The group, which is made up of members from the Ute Water Commission and the Eastern New Mexico Rural Water Authority, met at the Tucumcari Convention Center. Their goal was to develop a comprehensive drought management plan and discuss water supply management at Ute Lake.
“The drought plan that we develop will help to curb the usage as drought conditions begin to set in,” said Greg Gates, of CH2M Hill Engineering of Albuquerque. “It would allow the different agencies drawing water from the Ute Reservoir to share in the hardships in the event of a drought.”
A drought plan strategy will protect the surface level of the lake, said Mark Murphy, Canadian River Basin Manager, Interstate Stream Commission.
All of this planning is early preparation for the Ute Lake Pipeline project, which was approved by Congress in March.
However, the meeting ended in a stalemate when UWC and ISC members began to argue about base lake elevations.
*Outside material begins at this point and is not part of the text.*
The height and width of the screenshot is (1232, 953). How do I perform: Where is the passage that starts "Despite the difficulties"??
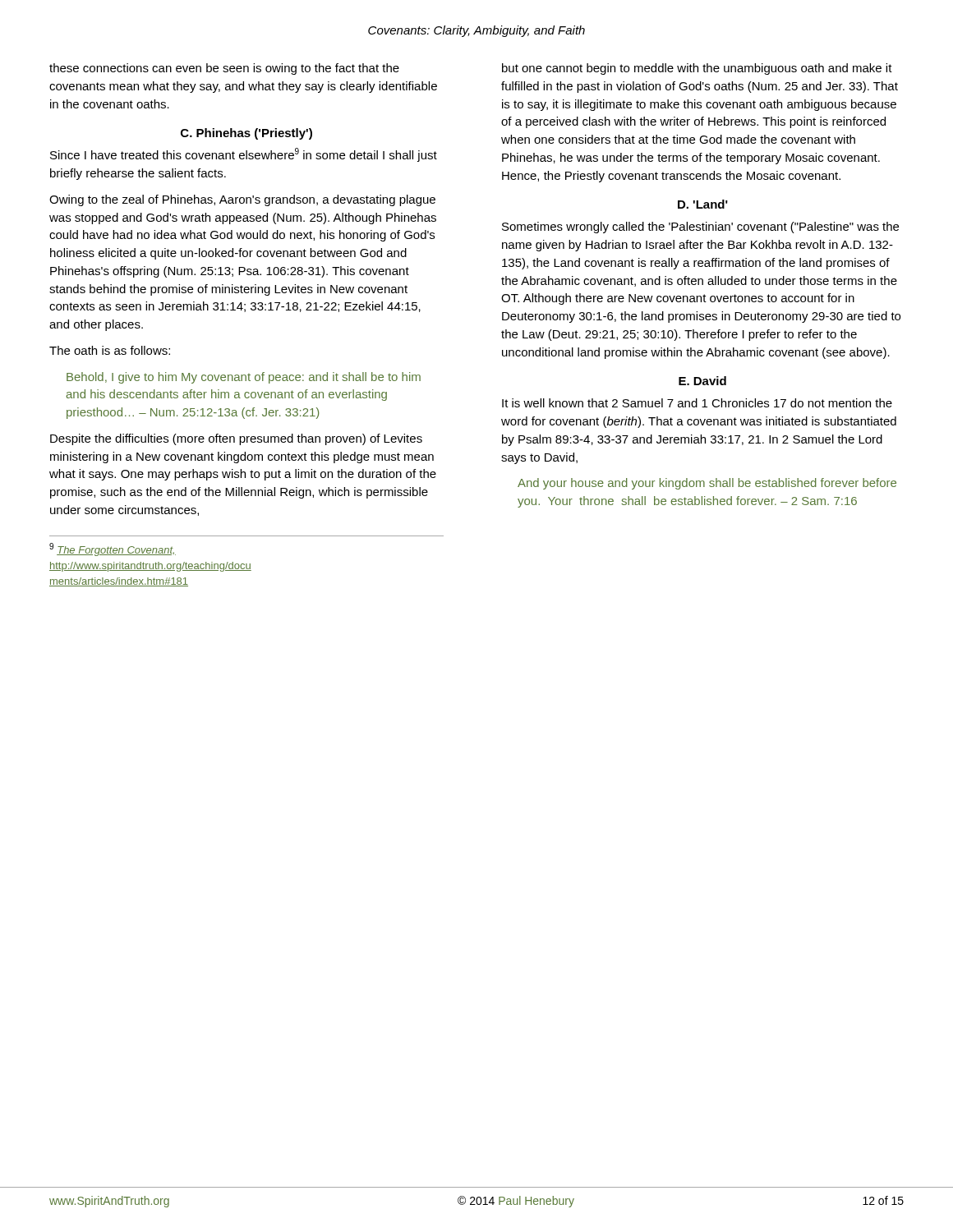point(246,474)
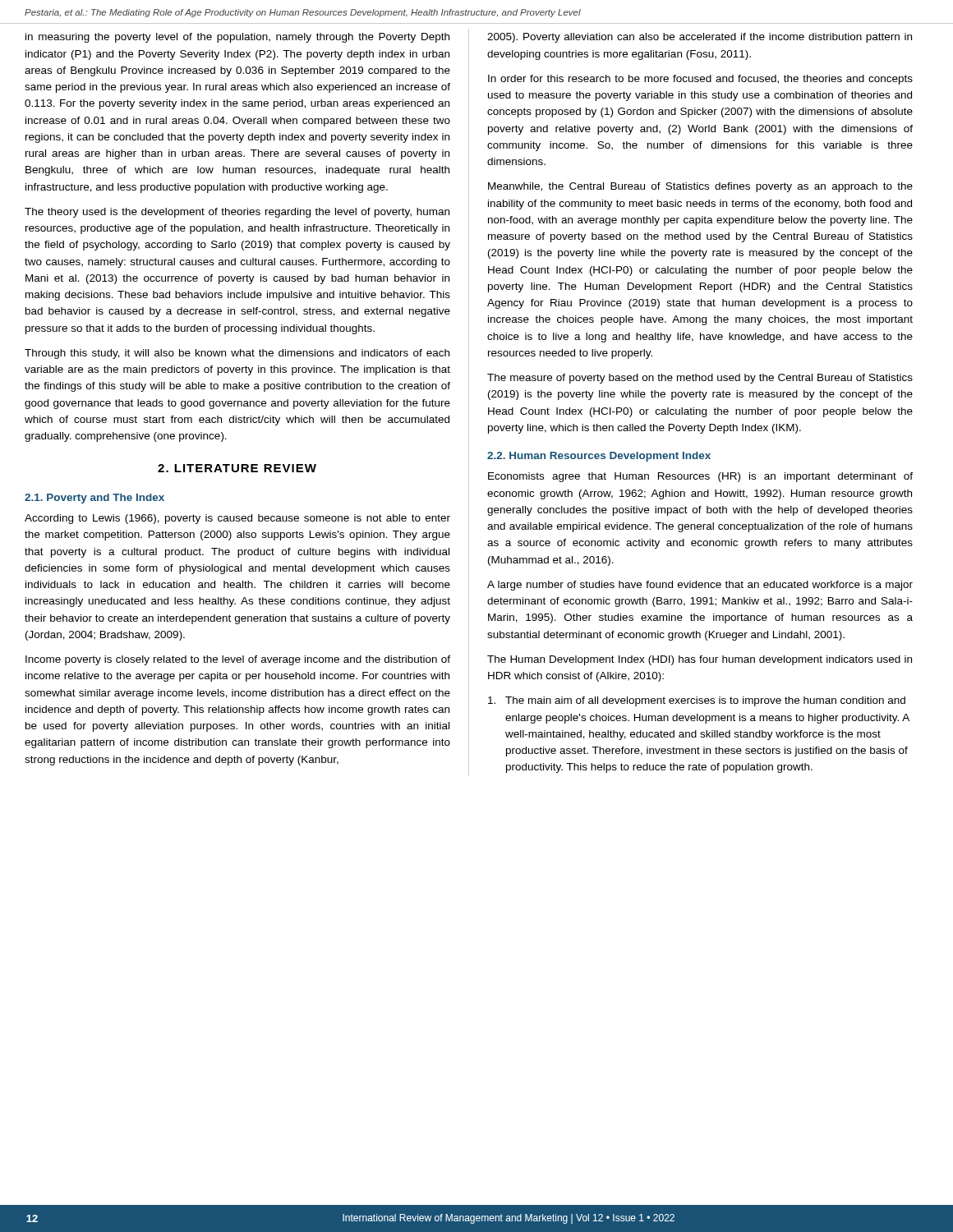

Logan Village manager, Larry Wallin, disagreed with Murphy about a minimum elevation for the lake.
Wallin’s argument focused on a previous vote and approval by the UWC to set the minimum elevation at 3,765 feet.
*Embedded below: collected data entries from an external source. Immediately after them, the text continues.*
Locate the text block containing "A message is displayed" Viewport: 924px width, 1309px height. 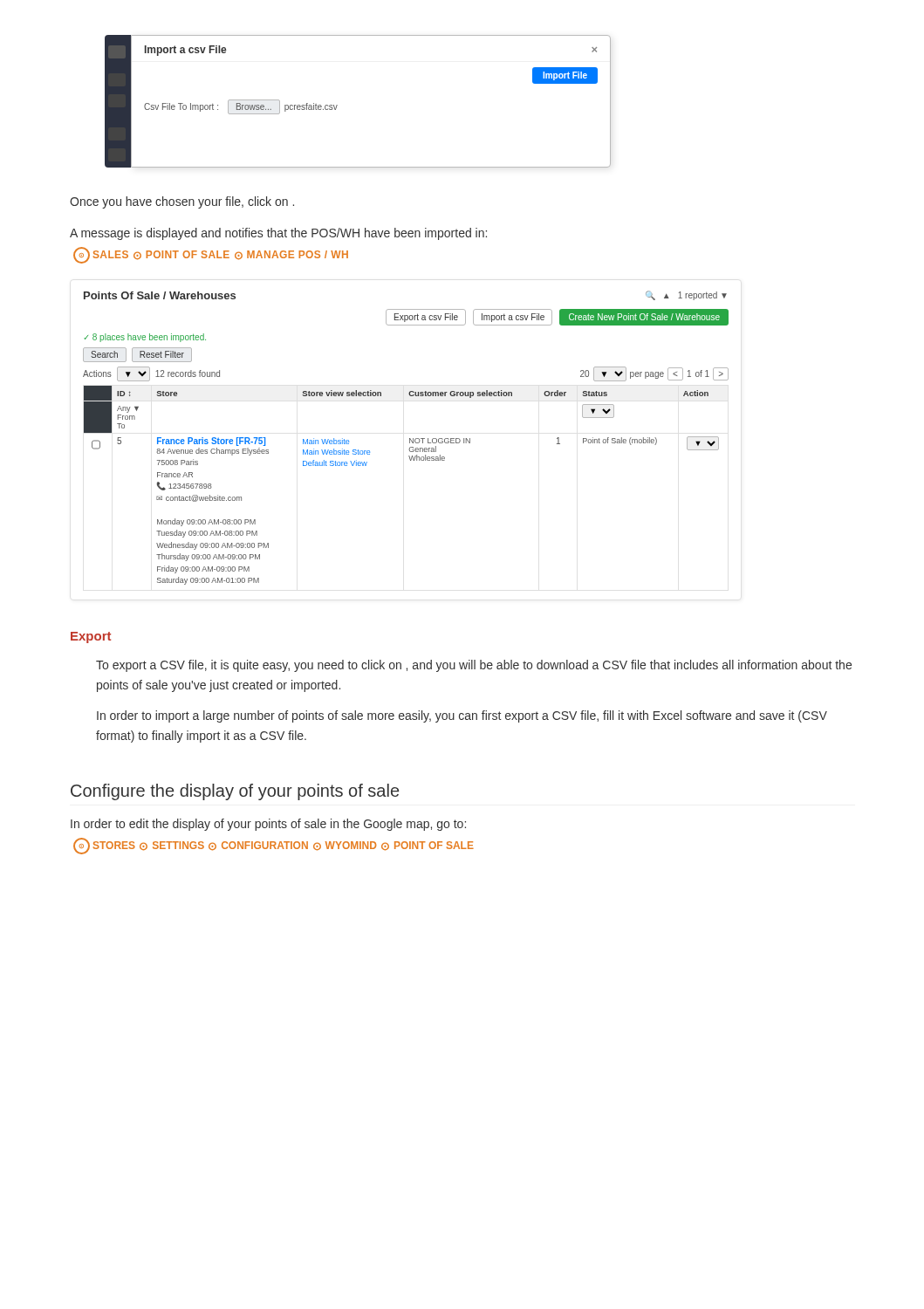pos(462,234)
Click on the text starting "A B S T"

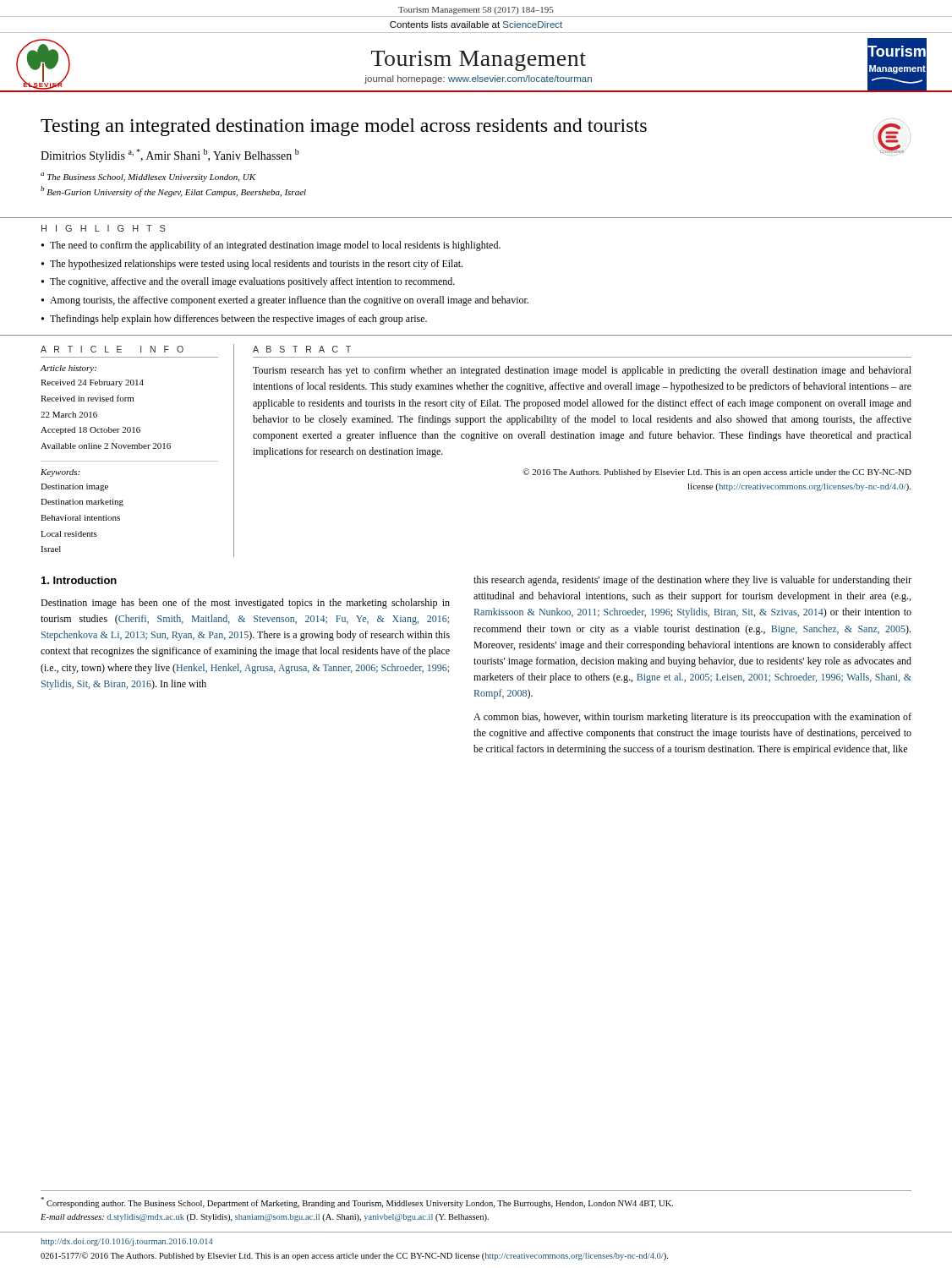coord(303,349)
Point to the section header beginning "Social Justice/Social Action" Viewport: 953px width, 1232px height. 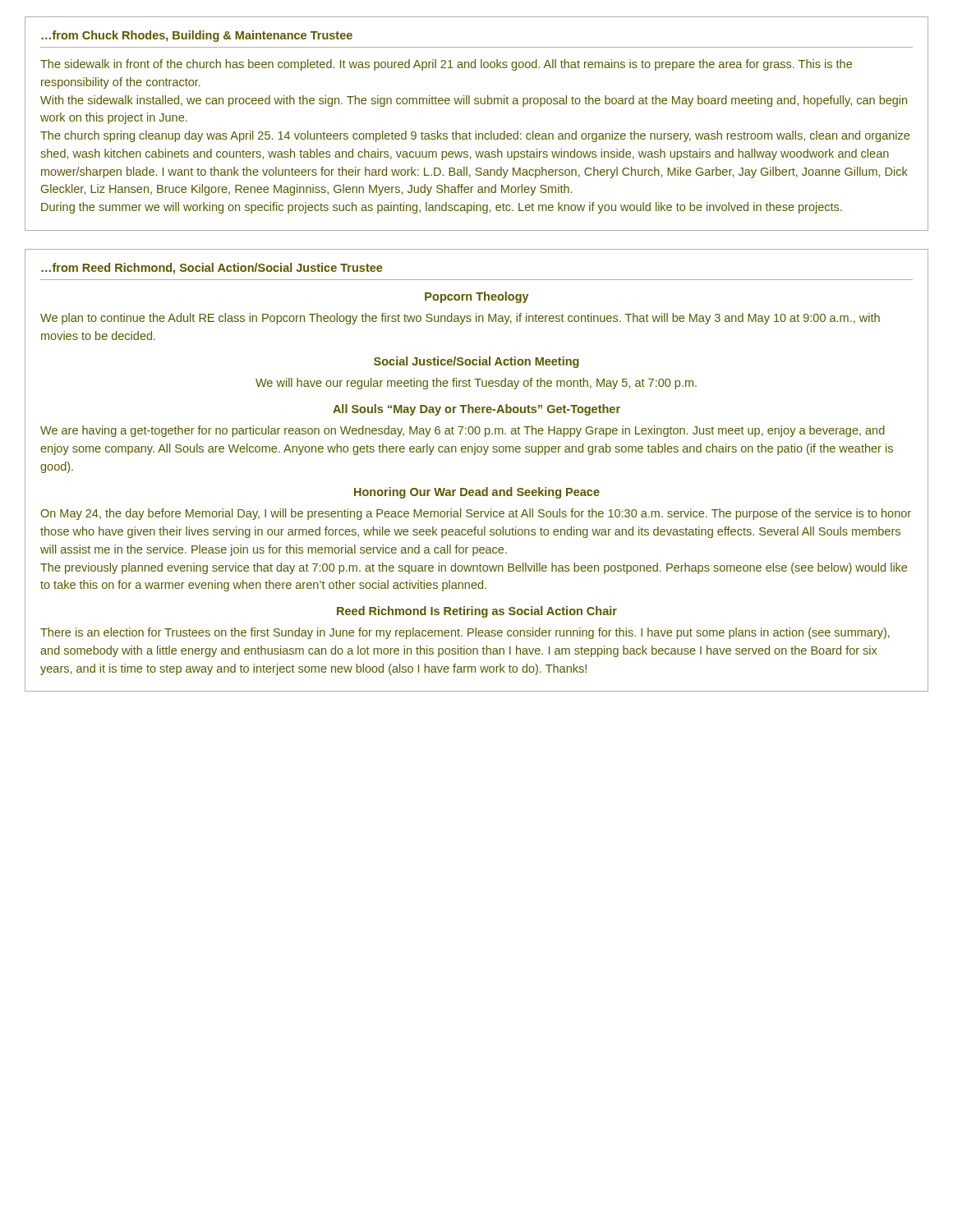(x=476, y=362)

“How can we make any plans or strategy when the ISC keeps moving the mark,” Wallin said.
“The ISC will not give a minimum pool level – that is off the table,” Murphy said. “The ISC makes the UWC’s decision to mark 3,765 feet as a minimum pool level invalid.”
Wallin said that the 3,765 foot elevation mark would be the maximum that the ENRWA could draw down the lake for drinking water.
“That elevation protects us by leaving a pool of five foot above the old spillway,” Wallin said. “At that level we can maintain the fish habitat and continue recreational use.”
The data proposed by Gates showed yield percentages and flows for water taken out of the reservoir to an elevation of 3,741feet.
The elevation of Ute Lake with the spillway is 3,787 feet and the flood stage is 3,806 feet.
Wallin said that the current elevation of the lake is 3,783 feet, which equals 187,000 acre feet of water.
An acre-foot of water is equal to 325,851 gallons of water, the pool level of 3,765 feet would amount to 130,000 acre feet of water being available.
If the mark is lowered to the 3,741 feet, the lake elevation would drop by 42 feet and leave 50,000 acre-feet in the lake, Wallin said.
“At that elevation we would no longer be calling it Ute Lake. We would call it Ute Ponds,” Wallin said.
Wallin said that a previous study showed that a minimum pool level of 3,765 feet would provide the requested 24,000 acre feet of water 93 years over a 100-year time span.
Gates disagreed with Wallin’s assessment and said that demand had not been taken into consideration.
Wallin requested Gates recalculate his numbers using the suggested 3,765 mark and present that data to the UWC at their next meeting in Clovis, which was unscheduled at press time.